Martyrdom of Mylara Mahadevappa:
Mylara Mahadevappa, the patriot who had accompanied Gandhiji in his famous Dandi March organized a group of youths and commenced a sort of guerilla warfare against the government. Day and night, without rest or proper food, these patriots roamed the country, raiding government offices and burning records, capturing government mails and seizing government money in transit. Finding the local police ineffective in dealing with them, the government brought a posse of policemen from Maharashtra to Haveri taluk and announced a reward of Rs.300 to anyone who would capture or help in the capture of Mahadevappa. But on 31st March 1943, Mahadevappa lost his life in an attempt to seize a box containing government money at Hosaritti in Haveri taluk. In all Mahadevappa and his men had successfully carried out seventy-four exploits, but in no instance was harm done to a single individual.

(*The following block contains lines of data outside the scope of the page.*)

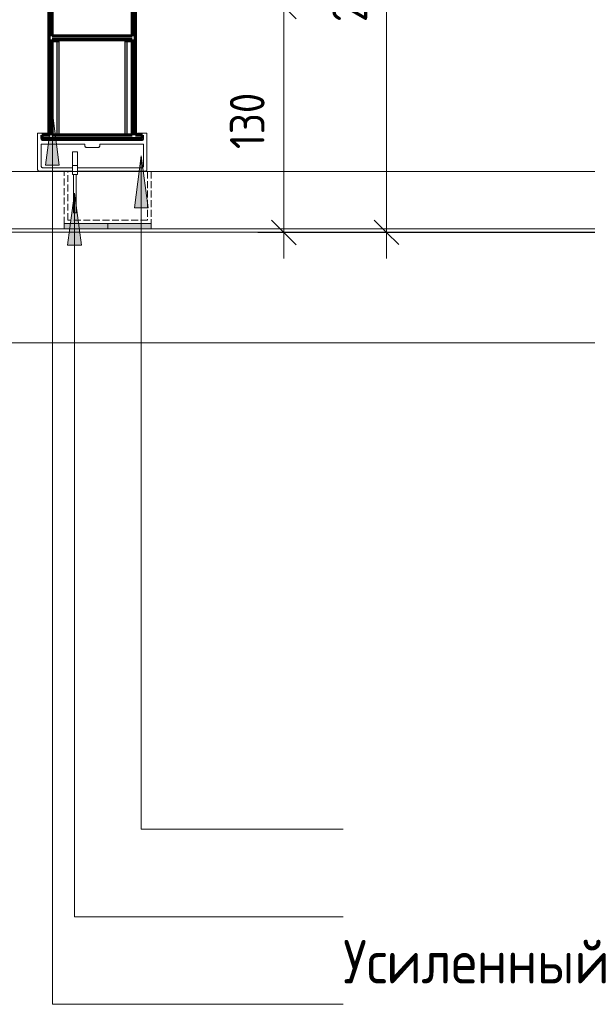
# Model space of a CAD drawing. Header units: millimetres. Extents: x -7374688 to -7372476, y 5958422 to 5960750.
# Tile 3 of 46: x -7373699 to -7373373, y 5958422 to 5958989. Entities that reach past the tile are written whole.
import ezdxf

# ---------------------------------------------------------------- set-up
doc = ezdxf.new("R2010")
doc.units = ezdxf.units.MM
doc.linetypes.add('01 Штриховая _4 мм_', pattern=[5.5, 4, -1.5])
doc.layers.add('Линии', color=7, linetype='Continuous', lineweight=18, true_color=0x00a600)
for name, color, linetype, lineweight in [('Марки по нескольким категориям', 7, 'Continuous', 9), ('Обобщенные модели', 7, 'Continuous', 18), ('Размеры', 7, 'Continuous', 9), ('Размеры-10', 7, 'Continuous', 9), ('Тонкие линии', 7, 'Continuous', 18), ('Элементы узлов', 7, 'Continuous', 18)]:
    doc.layers.add(name, color=color, linetype=linetype, lineweight=lineweight)
doc.styles.add('GOST Common', font='GOST_Common.ttf', dxfattribs={"width": 0.9, "height": 20})
doc.styles.add('ISOCPEUR', font='isocpeur.ttf', dxfattribs={"width": 0.9, "height": 25})
doc.dimstyles.new('ADSK_Основной_2_0', dxfattribs={"dimscale": 304.8, "dimtxt": 20.1143, "dimasz": 0.046391, "dimexe": 0.049213, "dimexo": 0.098425, "dimgap": 0.016404, "dimtad": 1, "dimdec": 0, "dimzin": 0, "dimdsep": 46, "dimtxsty": 'GOST Common', "dimblk1": 'OBLIQUE', "dimblk2": 'OBLIQUE', "dimsah": 1, "dimcen": 0.09, "dimdle": 0.049213, "dimazin": 0, "dimtfac": 1, "dimtdec": 4, "dimtix": 1, "dimtmove": 0, "dimatfit": 3, "dimfxl": 1, "dimtvp": 1, "dimtfill": 1, "dimtolj": 1, "dimtzin": 0, "dimarcsym": 2})

# ---------------------------------------------------------------- blocks, each defined once
blk = doc.blocks.new('HILTI_s_Салазка_MFT-CCF - Салазка MFT-CCF S58-V2-Разрез 6-6')
at = {"layer": 'Обобщенные модели'}
for p, q in [((-7373689.12, 5958917.62), (-7373689.12, 5958923.92)), ((-7373689.12, 5958923.92), (-7373684.12, 5958923.92)), ((-7373631.17, 5958923.93), (-7373626.17, 5958923.93)), ((-7373626.17, 5958923.93), (-7373626.17, 5958917.63)), ((-7373685.97, 5958919.62), (-7373657.64, 5958919.62)), ((-7373657.64, 5958919.62), (-7373629.32, 5958919.63)), ((-7373628.17, 5958917.63), (-7373653.39, 5958917.63)), ((-7373628.17, 5958905.03), (-7373628.17, 5958917.63)), ((-7373626.17, 5958917.63), (-7373626.17, 5958902.82)), ((-7373689.12, 5958902.82), (-7373689.12, 5958917.62)), ((-7373661.89, 5958917.62), (-7373687.12, 5958917.62)), ((-7373687.12, 5958917.62), (-7373687.12, 5958905.02)), ((-7373661.89, 5958916.62), (-7373661.89, 5958917.62)), ((-7373654.39, 5958915.63), (-7373660.89, 5958915.62)), ((-7373653.39, 5958917.63), (-7373653.39, 5958916.63)), ((-7373669.14, 5958902.02), (-7373688.14, 5958902.02)), ((-7373686.12, 5958904.02), (-7373669.14, 5958904.02)), ((-7373666.14, 5958904.02), (-7373657.64, 5958904.02)), ((-7373657.64, 5958902.02), (-7373666.14, 5958902.02)), ((-7373657.64, 5958904.02), (-7373629.17, 5958904.03)), ((-7373627.14, 5958902.03), (-7373657.64, 5958902.02))]:
    blk.add_line(p, q, dxfattribs=at)
at = {"layer": 'Обобщенные модели', "flags": 128}
for points in [[(-7373684.12, 5958923.92), (-7373683.94, 5958923.91), (-7373683.76, 5958923.86), (-7373683.6, 5958923.77), (-7373683.45, 5958923.66), (-7373683.32, 5958923.53), (-7373683.23, 5958923.37), (-7373683.16, 5958923.2), (-7373683.13, 5958923.02), (-7373683.13, 5958922.83)], [(-7373632.16, 5958922.83), (-7373632.16, 5958923.02), (-7373632.13, 5958923.2), (-7373632.06, 5958923.37), (-7373631.96, 5958923.53), (-7373631.84, 5958923.67), (-7373631.69, 5958923.78), (-7373631.53, 5958923.86), (-7373631.35, 5958923.91), (-7373631.17, 5958923.93)], [(-7373686.74, 5958921.62), (-7373686.89, 5958921.47), (-7373687, 5958921.29), (-7373687.07, 5958921.09), (-7373687.11, 5958920.88), (-7373687.11, 5958920.67), (-7373687.07, 5958920.46), (-7373687, 5958920.26), (-7373686.89, 5958920.08), (-7373686.74, 5958919.92), (-7373686.57, 5958919.8), (-7373686.38, 5958919.7), (-7373686.18, 5958919.64), (-7373685.97, 5958919.62)], [(-7373629.32, 5958919.63), (-7373629.11, 5958919.65), (-7373628.91, 5958919.7), (-7373628.72, 5958919.8), (-7373628.55, 5958919.93), (-7373628.4, 5958920.08), (-7373628.29, 5958920.26), (-7373628.21, 5958920.46), (-7373628.18, 5958920.67), (-7373628.18, 5958920.88), (-7373628.21, 5958921.09), (-7373628.29, 5958921.29), (-7373628.4, 5958921.47), (-7373628.55, 5958921.63), (-7373628.71, 5958921.75)], [(-7373660.89, 5958915.62), (-7373661.09, 5958915.64), (-7373661.28, 5958915.7), (-7373661.45, 5958915.79), (-7373661.6, 5958915.92), (-7373661.73, 5958916.07), (-7373661.82, 5958916.24), (-7373661.87, 5958916.43), (-7373661.89, 5958916.62)], [(-7373653.39, 5958916.63), (-7373653.41, 5958916.43), (-7373653.47, 5958916.24), (-7373653.56, 5958916.07), (-7373653.69, 5958915.92), (-7373653.84, 5958915.79), (-7373654.01, 5958915.7), (-7373654.2, 5958915.64), (-7373654.39, 5958915.63)], [(-7373688.14, 5958902.02), (-7373688.31, 5958902.04), (-7373688.48, 5958902.08), (-7373688.63, 5958902.15), (-7373688.77, 5958902.25), (-7373688.9, 5958902.36), (-7373689, 5958902.5), (-7373689.07, 5958902.65), (-7373689.12, 5958902.82)], [(-7373687.12, 5958905.02), (-7373687.1, 5958904.83), (-7373687.04, 5958904.64), (-7373686.95, 5958904.47), (-7373686.83, 5958904.32), (-7373686.68, 5958904.19), (-7373686.5, 5958904.1), (-7373686.32, 5958904.04), (-7373686.12, 5958904.02)], [(-7373629.17, 5958904.03), (-7373628.97, 5958904.05), (-7373628.78, 5958904.1), (-7373628.61, 5958904.2), (-7373628.46, 5958904.32), (-7373628.33, 5958904.47), (-7373628.24, 5958904.64), (-7373628.18, 5958904.83), (-7373628.17, 5958905.03)], [(-7373626.17, 5958902.82), (-7373626.21, 5958902.66), (-7373626.29, 5958902.51), (-7373626.39, 5958902.37), (-7373626.51, 5958902.25), (-7373626.65, 5958902.16), (-7373626.81, 5958902.08), (-7373626.97, 5958902.04), (-7373627.14, 5958902.03)]]:
    blk.add_lwpolyline(points, dxfattribs=at)
blk = doc.blocks.new('HILTI_s_Профиль_MFT-RP - Усиленный профиль MFT-RP-58 77x50 L-V9-Разрез 6-6')
at = {"layer": 'Обобщенные модели', "lineweight": 70}
for p, q in [((-7373632.71, 5958997.78), (-7373682.71, 5958997.77)), ((-7373682.71, 5958997.77), (-7373682.71, 5958922.77)), ((-7373632.71, 5958922.78), (-7373632.71, 5958997.78)), ((-7373680.71, 5958995.77), (-7373634.71, 5958995.78)), ((-7373680.71, 5958979.77), (-7373680.71, 5958995.77)), ((-7373634.71, 5958995.78), (-7373634.71, 5958979.78)), ((-7373634.71, 5958979.78), (-7373680.71, 5958979.77)), ((-7373680.71, 5958977.77), (-7373634.71, 5958977.78)), ((-7373680.71, 5958922.77), (-7373680.71, 5958977.77)), ((-7373634.71, 5958977.78), (-7373634.71, 5958922.78)), ((-7373682.71, 5958922.77), (-7373686.71, 5958922.77)), ((-7373686.71, 5958922.77), (-7373686.71, 5958920.77)), ((-7373686.71, 5958920.77), (-7373628.71, 5958920.78)), ((-7373634.71, 5958922.78), (-7373680.71, 5958922.77)), ((-7373628.71, 5958922.78), (-7373632.71, 5958922.78)), ((-7373628.71, 5958920.78), (-7373628.71, 5958922.78))]:
    blk.add_line(p, q, dxfattribs=at)
blk = doc.blocks.new('HILTI_s_Соединитель_профилей_MFT-RPC - Соединитель профилей MFT-RPC-V12-Разрез 6-6')
at = {"layer": 'Обобщенные модели', "lineweight": 25}
for p, q in [((-7373680.71, 5958976.77), (-7373677.81, 5958976.77)), ((-7373677.81, 5958976.77), (-7373676.77, 5958976.77)), ((-7373677.81, 5958922.77), (-7373677.81, 5958976.77)), ((-7373676.77, 5958922.77), (-7373676.77, 5958976.77)), ((-7373638.65, 5958976.77), (-7373637.61, 5958976.77)), ((-7373638.65, 5958922.77), (-7373638.65, 5958976.77)), ((-7373637.61, 5958976.77), (-7373634.71, 5958976.78)), ((-7373637.6, 5958922.77), (-7373637.61, 5958976.77))]:
    blk.add_line(p, q, dxfattribs=at)
blk = doc.blocks.new('HILTI_as_Соединитель_MFT-CCU_Заклепка_БезГрафики - Соединитель MFT-CCU Заклепка БезГрафики-21018214-Разрез 6-6')
at = {"layer": 'Обобщенные модели'}
for p, q in [((-7374372.41, 5958905.38), (-7374372.41, 5958913.12)), ((-7374372.41, 5958913.12), (-7374369.41, 5958913.12)), ((-7374369.41, 5958913.12), (-7374369.41, 5958905.38)), ((-7374372.4, 5958900.12), (-7374372.41, 5958905.38)), ((-7374372.41, 5958905.38), (-7374369.41, 5958905.38)), ((-7374369.41, 5958905.38), (-7374369.4, 5958900.12)), ((-7374369.4, 5958900.12), (-7374372.4, 5958900.12)), ((-7374371.65, 5958878.12), (-7374371.65, 5958900.12)), ((-7374371.65, 5958900.12), (-7374370.15, 5958900.12)), ((-7374370.15, 5958900.12), (-7374370.15, 5958878.12)), ((-7374370.15, 5958878.12), (-7374371.65, 5958878.12))]:
    blk.add_line(p, q, dxfattribs=at)
blk = doc.blocks.new('DIMBLOCK5-Разрез 6-6')
at = {"layer": 'Размеры-10'}
for p, q in [((-7374603.82, 5958836.83), (-7374603.82, 5958788.14)), ((-7374603.82, 5958803.14), (-7374603.82, 5958836.83)), ((-7373099.57, 5958836.83), (-7373099.57, 5958788.14)), ((-7373099.57, 5958803.14), (-7373099.57, 5958836.83)), ((-7374618.82, 5958803.14), (-7373099.57, 5958803.14))]:
    blk.add_line(p, q, dxfattribs=at)
at = {"layer": 'Размеры-10', "lineweight": 18}
for p, q in [((-7374603.82, 5958803.14), (-7374596.75, 5958810.21)), ((-7373099.57, 5958803.14), (-7373092.5, 5958810.21)), ((-7374603.82, 5958803.14), (-7374610.89, 5958796.07)), ((-7373099.57, 5958803.14), (-7373106.64, 5958796.07))]:
    blk.add_line(p, q, dxfattribs=at)
at = {"layer": 'Размеры-10', "color": 0, "insert": (-7373885.1, 5958834.28), "char_height": 20, "width": 80.1845, "attachment_point": 1, "line_spacing_factor": 1.022761, "style": 'GOST Common', "bg_fill": 3, "box_fill_scale": 1.25, "bg_fill_color": 256, "bg_fill_true_color": 13158600, "bg_fill_transparency": 0}
blk.add_mtext('1504 *', dxfattribs=at)
blk = doc.blocks.new('_Oblique')
at = {"color": 0, "linetype": 'ByBlock', "lineweight": -2}
blk.add_line((-0.5, -0.5), (0.5, 0.5), dxfattribs=at)
blk = doc.blocks.new('DIMBLOCK10-Разрез 6-6')
at = {"layer": 'Размеры-10', "lineweight": 18}
for p, q in [((-7373547.3, 5958996.82), (-7373554.37, 5959003.89)), ((-7373547.3, 5958996.82), (-7373540.23, 5958989.75)), ((-7373547.29, 5958866.79), (-7373554.36, 5958873.86)), ((-7373547.29, 5958866.79), (-7373540.22, 5958859.72))]:
    blk.add_line(p, q, dxfattribs=at)
at = {"layer": 'Размеры-10'}
for p, q in [((-7373567.3, 5958996.82), (-7373532.3, 5958996.82)), ((-7373547.3, 5958996.82), (-7373567.3, 5958996.82)), ((-7373547.3, 5958996.82), (-7373547.29, 5958851.79)), ((-7373129.57, 5958866.83), (-7373562.29, 5958866.79)), ((-7373547.29, 5958866.79), (-7373129.57, 5958866.83))]:
    blk.add_line(p, q, dxfattribs=at)
at = {"layer": 'Размеры-10', "color": 0, "insert": (-7373578.43, 5958914.76), "char_height": 20, "width": 40.9104, "attachment_point": 1, "rotation": 90, "line_spacing_factor": 1.022761, "style": 'GOST Common', "bg_fill": 3, "box_fill_scale": 1.25, "bg_fill_color": 256, "bg_fill_true_color": 13158600, "bg_fill_transparency": 0}
blk.add_mtext('130', dxfattribs=at)
blk = doc.blocks.new('DIMBLOCK11-Разрез 6-6')
at = {"layer": 'Размеры-10'}
for p, q in [((-7373488.22, 5959161.83), (-7373488.2, 5958851.8)), ((-7373508.23, 5959146.82), (-7373473.22, 5959146.83)), ((-7373488.22, 5959146.83), (-7373508.23, 5959146.82)), ((-7373129.57, 5958866.83), (-7373503.2, 5958866.8)), ((-7373488.2, 5958866.8), (-7373129.57, 5958866.83))]:
    blk.add_line(p, q, dxfattribs=at)
at = {"layer": 'Размеры-10', "lineweight": 18}
for p, q in [((-7373488.22, 5959146.83), (-7373495.29, 5959153.9)), ((-7373488.22, 5959146.83), (-7373481.15, 5959139.76)), ((-7373488.2, 5958866.8), (-7373495.27, 5958873.87)), ((-7373488.2, 5958866.8), (-7373481.13, 5958859.73))]:
    blk.add_line(p, q, dxfattribs=at)
at = {"layer": 'Размеры-10', "color": 0, "insert": (-7373519.35, 5958987.89), "char_height": 20, "width": 45.4106, "attachment_point": 1, "rotation": 90, "line_spacing_factor": 1.022761, "style": 'GOST Common', "bg_fill": 3, "box_fill_scale": 1.25, "bg_fill_color": 256, "bg_fill_true_color": 13158600, "bg_fill_transparency": 0}
blk.add_mtext('280', dxfattribs=at)

msp = doc.modelspace()

# ---------------------------------------------------------------- hatches: boundary and pattern name
at = {"layer": 'Марки по нескольким категориям'}
for points in [[(-7373680.64, 5958935.56), (-7373684.59, 5958905.56), (-7373676.69, 5958905.56)], [(-7373629.44, 5958910.87), (-7373633.39, 5958880.87), (-7373625.49, 5958880.87)]]:
    msp.add_hatch(color=256, dxfattribs=at).paths.add_polyline_path(points)
at = {"layer": 'Элементы узлов', "true_color": 0xffffff}
for points in [[(-7373673.8, 5958868.82), (-7373648.8, 5958868.83), (-7373648.8, 5958871.83), (-7373673.8, 5958871.82)], [(-7373648.8, 5958868.83), (-7373623.8, 5958868.83), (-7373623.8, 5958871.83), (-7373648.8, 5958871.83)]]:
    msp.add_hatch(color=7, dxfattribs=at).paths.add_polyline_path(points)

# ---------------------------------------------------------------- linework, layer by layer
at = {"layer": 'Линии', "color": 7}
for p, q in [((-7373134.57, 5958901.83), (-7374552.67, 5958901.83)), ((-7373099.57, 5958866.83), (-7374603.82, 5958866.83)), ((-7373101.57, 5958868.83), (-7374597.35, 5958868.83))]:
    msp.add_line(p, q, dxfattribs=at)
at = {"layer": 'Линии', "color": 7, "linetype": '01 Штриховая _4 мм_'}
for p, q in [((-7373673.8, 5958871.82), (-7373673.8, 5958901.83)), ((-7373671.8, 5958873.83), (-7373671.8, 5958901.83)), ((-7373625.8, 5958901.83), (-7373625.8, 5958873.83)), ((-7373623.8, 5958901.83), (-7373623.8, 5958871.83)), ((-7373625.8, 5958873.83), (-7373671.8, 5958873.83)), ((-7373623.8, 5958871.83), (-7373673.8, 5958871.82))]:
    msp.add_line(p, q, dxfattribs=at)
at = {"layer": 'Марки по нескольким категориям'}
for p, q in [((-7373680.64, 5958935.56), (-7373684.59, 5958905.56)), ((-7373676.69, 5958905.56), (-7373680.64, 5958935.56)), ((-7373629.44, 5958910.87), (-7373633.39, 5958880.87)), ((-7373625.49, 5958880.87), (-7373629.44, 5958910.87)), ((-7373684.59, 5958905.56), (-7373676.69, 5958905.56)), ((-7373633.39, 5958880.87), (-7373625.49, 5958880.87)), ((-7373629.44, 5958523.11), (-7373513.2, 5958523.11)), ((-7373667.91, 5958472.74), (-7373513.2, 5958472.74)), ((-7373680.64, 5958422.37), (-7373513.2, 5958422.37))]:
    msp.add_line(p, q, dxfattribs=at)
at = {"layer": 'Тонкие линии'}
for p, q in [((-7373648.8, 5958871.83), (-7373673.8, 5958871.82)), ((-7373673.8, 5958871.82), (-7373673.8, 5958868.82)), ((-7373673.8, 5958868.82), (-7373648.8, 5958868.83)), ((-7373623.8, 5958871.83), (-7373648.8, 5958871.83)), ((-7373648.8, 5958868.83), (-7373648.8, 5958871.83)), ((-7373648.8, 5958868.83), (-7373623.8, 5958868.83)), ((-7373623.8, 5958868.83), (-7373623.8, 5958871.83))]:
    msp.add_line(p, q, dxfattribs=at)

# ---------------------------------------------------------------- block references
at = {"layer": 'Обобщенные модели', "lineweight": 25}
msp.add_blockref('HILTI_s_Профиль_MFT-RP - Усиленный профиль MFT-RP-58 77x50 L-V9-Разрез 6-6', (0, 0), dxfattribs=at)
at = {"layer": 'Обобщенные модели'}
for name, p in [('HILTI_s_Соединитель_профилей_MFT-RPC - Соединитель профилей MFT-RPC-V12-Разрез 6-6', (0, 0)), ('HILTI_s_Салазка_MFT-CCF - Салазка MFT-CCF S58-V2-Разрез 6-6', (0, 0)), ('HILTI_as_Соединитель_MFT-CCU_Заклепка_БезГрафики - Соединитель MFT-CCU Заклепка БезГрафики-21018214-Разрез 6-6', (703.26, 0))]:
    msp.add_blockref(name, p, dxfattribs=at)

# ---------------------------------------------------------------- texts
at = {"layer": 'Марки по нескольким категориям', "insert": (-7373513.2, 5958459.38), "char_height": 25, "width": 176.7721, "attachment_point": 1, "style": 'ISOCPEUR'}
msp.add_mtext('Усиленный', dxfattribs=at)

# ---------------------------------------------------------------- next in the draw order: dimensions: what is measured, and where the dimension line sits
at = {"layer": 'Размеры'}
dim = msp.add_linear_dim(base=(-7373099.57, 5958803.14), p1=(-7374603.82, 5958866.83), p2=(-7373099.57, 5958866.83), angle=0, dimstyle='ADSK_Основной_2_0', override={"dimpost": '<>*', "dimfxl": 1504.247808}, dxfattribs=at)
dim.commit()
dim.dimension.update_dxf_attribs({"geometry": 'DIMBLOCK5-Разрез 6-6', "text_midpoint": (-7373851.69, 5958818.14)})

# ---------------------------------------------------------------- next in the draw order: hatches: boundary and pattern name
at = {"layer": 'Марки по нескольким категориям'}
msp.add_hatch(color=256, dxfattribs=at).paths.add_polyline_path([(-7373667.91, 5958889.38), (-7373671.86, 5958859.38), (-7373663.96, 5958859.38)])

# ---------------------------------------------------------------- next in the draw order: linework, layer by layer
for p, q in [((-7373680.64, 5958935.56), (-7373680.64, 5958422.37)), ((-7373629.44, 5958910.87), (-7373629.44, 5958523.11)), ((-7373667.91, 5958889.38), (-7373671.86, 5958859.38)), ((-7373663.96, 5958859.38), (-7373667.91, 5958889.38)), ((-7373667.91, 5958889.38), (-7373667.91, 5958472.74)), ((-7373671.86, 5958859.38), (-7373663.96, 5958859.38))]:
    msp.add_line(p, q, dxfattribs=at)

# ---------------------------------------------------------------- next in the draw order: dimensions: what is measured, and where the dimension line sits
at = {"layer": 'Размеры'}
dim = msp.add_linear_dim(base=(-7373547.29, 5958866.79), p1=(-7373537.3, 5958996.82), p2=(-7373099.57, 5958866.83), angle=270.0042, dimstyle='ADSK_Основной_2_0', override={"dimpost": '<>', "dimfxl": 456.628519}, dxfattribs=at)
dim.commit()
dim.dimension.update_dxf_attribs({"geometry": 'DIMBLOCK10-Разрез 6-6', "text_midpoint": (-7373532.3, 5958931.81)})

# ---------------------------------------------------------------- next in the draw order: dimensions: what is measured, and where the dimension line sits
dim = msp.add_linear_dim(base=(-7373488.2, 5958866.8), p1=(-7373478.23, 5959146.83), p2=(-7373099.57, 5958866.83), angle=270.0042, dimstyle='ADSK_Основной_2_0', override={"dimpost": '<>', "dimfxl": 470.934504}, dxfattribs=at)
dim.commit()
dim.dimension.update_dxf_attribs({"geometry": 'DIMBLOCK11-Разрез 6-6', "text_midpoint": (-7373473.21, 5959006.81)})

doc.saveas('drawing.dxf')

Isur declares itself free:
The nationalist feelings of the Quit-India movement had its impact even in Isur, a remote village in Shikaripura taluk of Shimoga district. On September 25th when the revenue officials went to the village to collect land revenue, boys and girls shouting patriotic slogans mobbed them and seized their record books. The following day the village declared itself independent and established a parallel government. A ten- year old boy, Jayappa was appointed as the Amildar and Mallappa, a twelve-year old boy was appointed as the Dictator. A new law was declared by which everyone had a wear a khadi cap. On September 28th the government Amildar and his men entered the village and were surrounded by the people of the village and asked them to wear khadi caps. This enraged the police officer accompanying the Amildar and ordered the policemen to control the mob. Lathi charge was followed by firing and the mob become violent. Among the casualties were the Amildar and the police officer. Soon after the incident, the men folks of the village fled their homes fearing retaliation by the police, which turned out to be true. The Mysore police and military forces descended upon the village a let a reign of terror. Innocent were tortured, women molested and houses looted. Charges were filed against many and about five patriots, Gurappa, Mallappa, Suryanarayanachari, Halappa and Sankarappa were hanged in March 1943.